GOAL OF THE EXERCISE
Say how many lines in the entries below have the word "pixels" in them, giving only the number.

THE INPUT
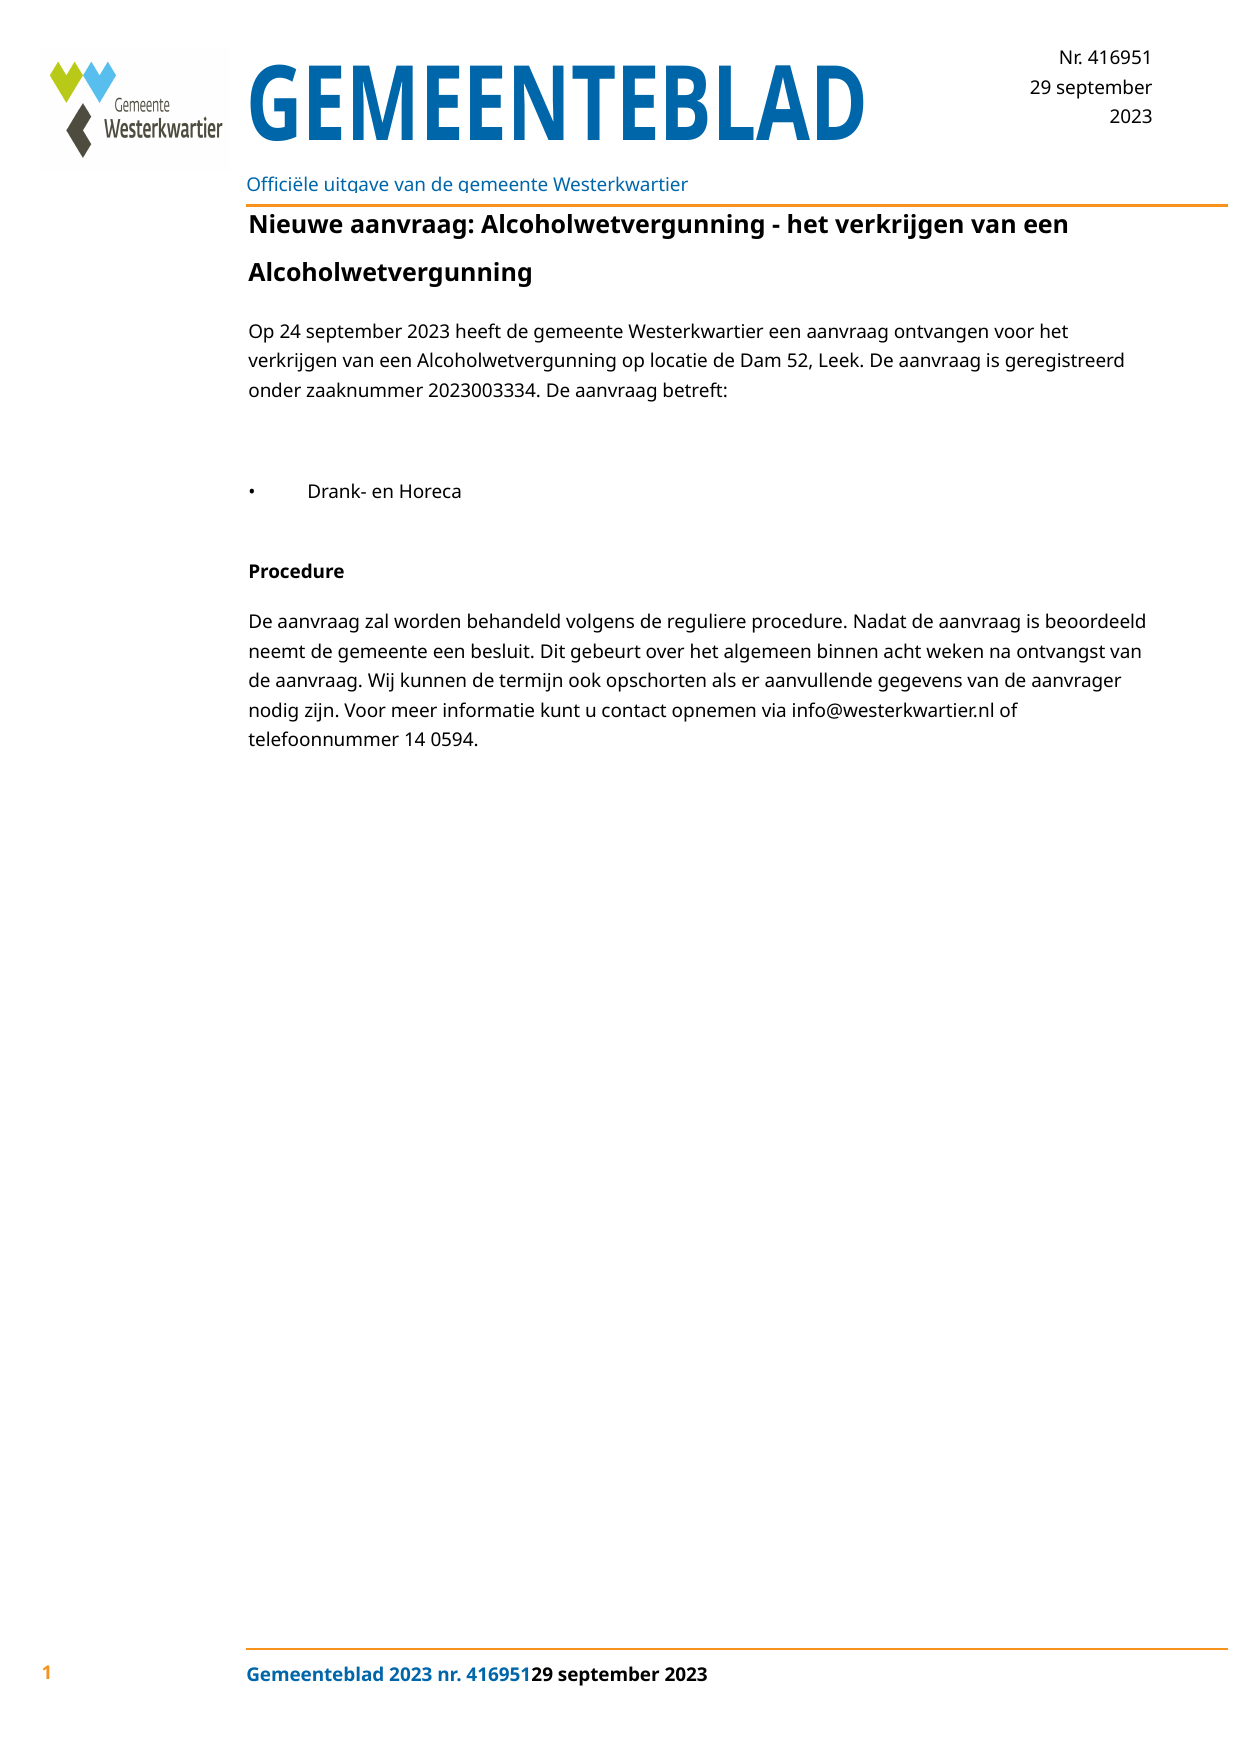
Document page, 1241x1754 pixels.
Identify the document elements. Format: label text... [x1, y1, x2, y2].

text De aanvraag zal worden behandeld volgens de reguliere procedure. Nadat de aanvraag is beoordeeld neemt de gemeente een besluit. Dit gebeurt over het algemeen binnen acht weken na ontvangst van de aanvraag. Wij kunnen de termijn ook opschorten als er aanvullende gegevens van de aanvrager nodig zijn. Voor meer informatie kunt u contact opnemen via info@westerkwartier.nl of telefoonnummer 14 0594. [248, 608, 1152, 752]
text Op 24 september 2023 heeft de gemeente Westerkwartier een aanvraag ontvangen voor het verkrijgen van een Alcoholwetvergunning op locatie de Dam 52, Leek. De aanvraag is geregistreerd onder zaaknummer 2023003334. De aanvraag betreft: [248, 318, 1152, 403]
text Procedure [248, 558, 1152, 584]
picture [41, 47, 231, 172]
text Nieuwe aanvraag: Alcoholwetvergunning - het verkrijgen van een Alcoholwetvergunning [248, 207, 1152, 288]
list Drank- en Horeca [248, 478, 1152, 504]
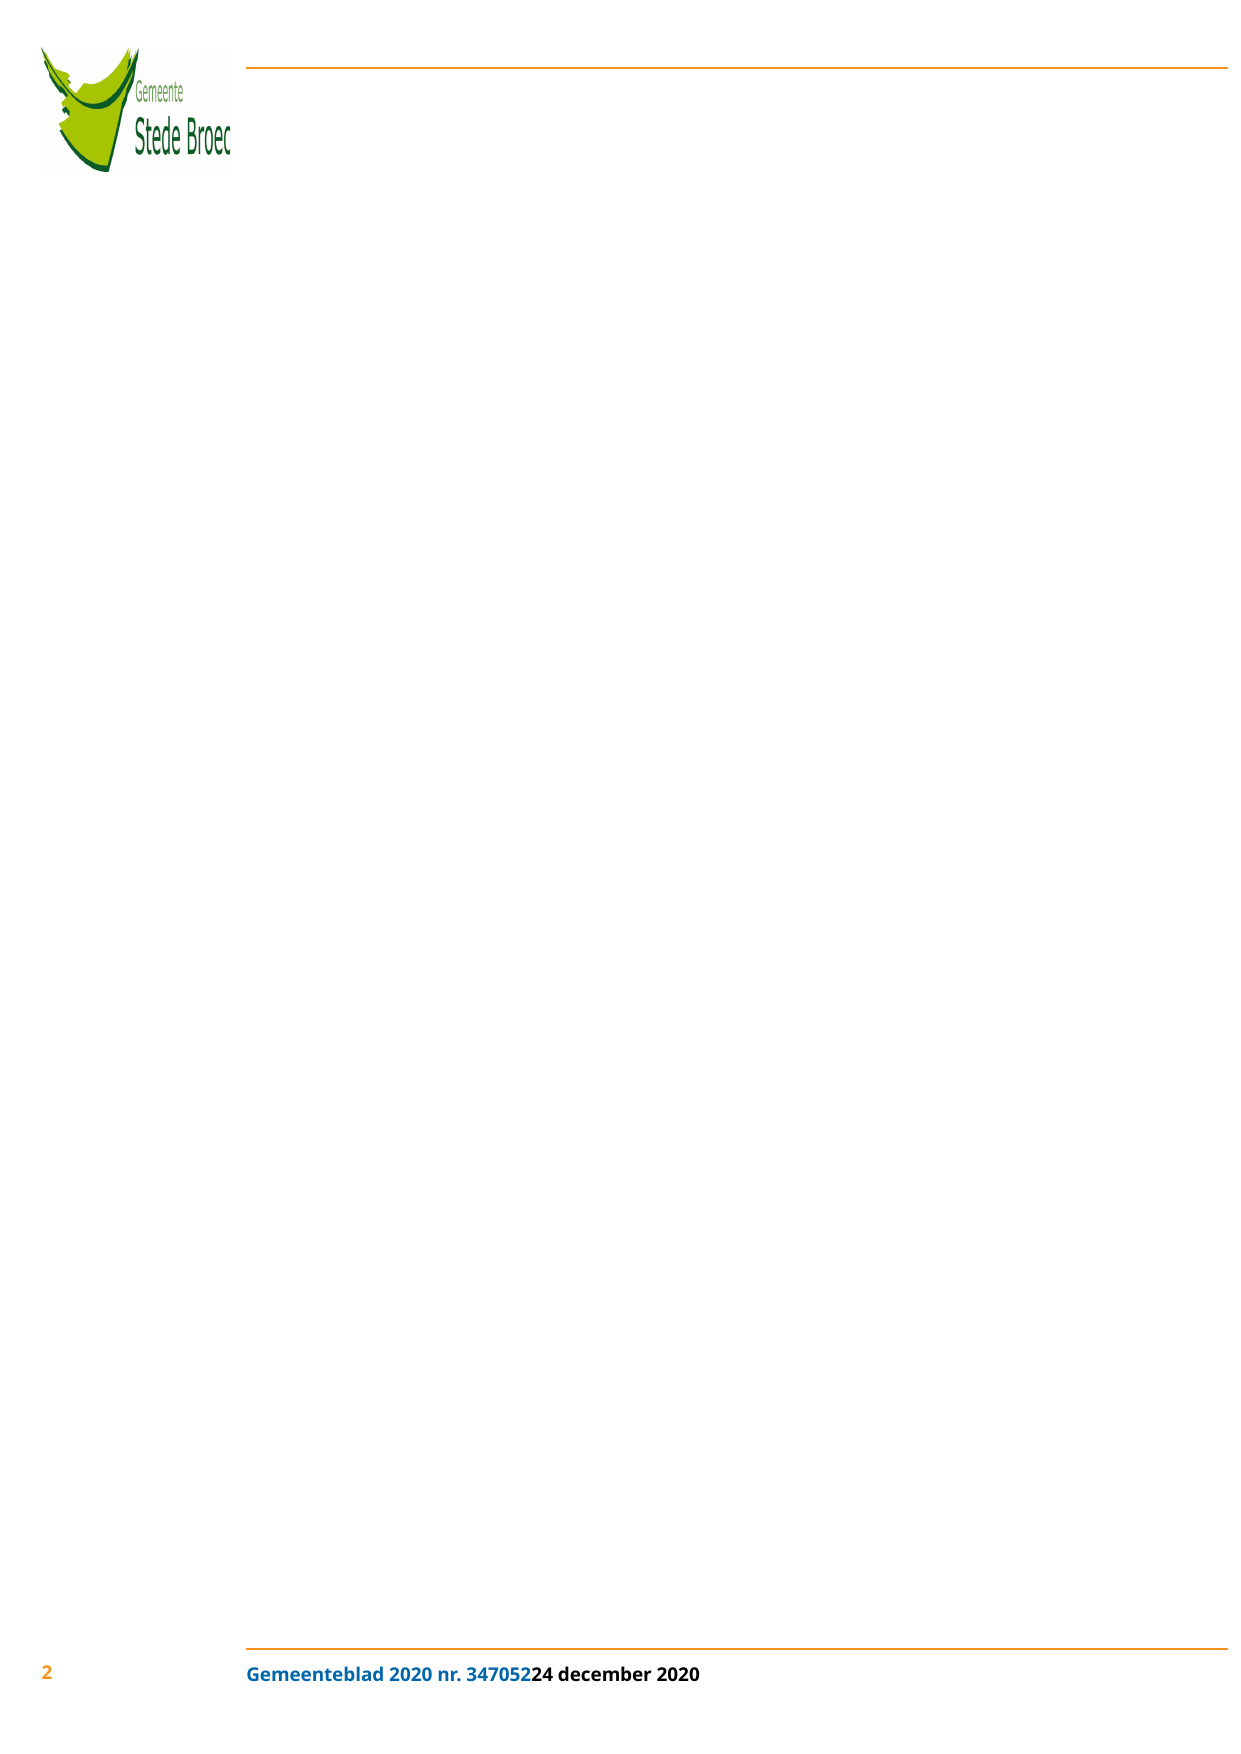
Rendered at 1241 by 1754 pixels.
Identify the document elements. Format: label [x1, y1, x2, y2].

picture [41, 47, 231, 172]

TASK ANSWER
2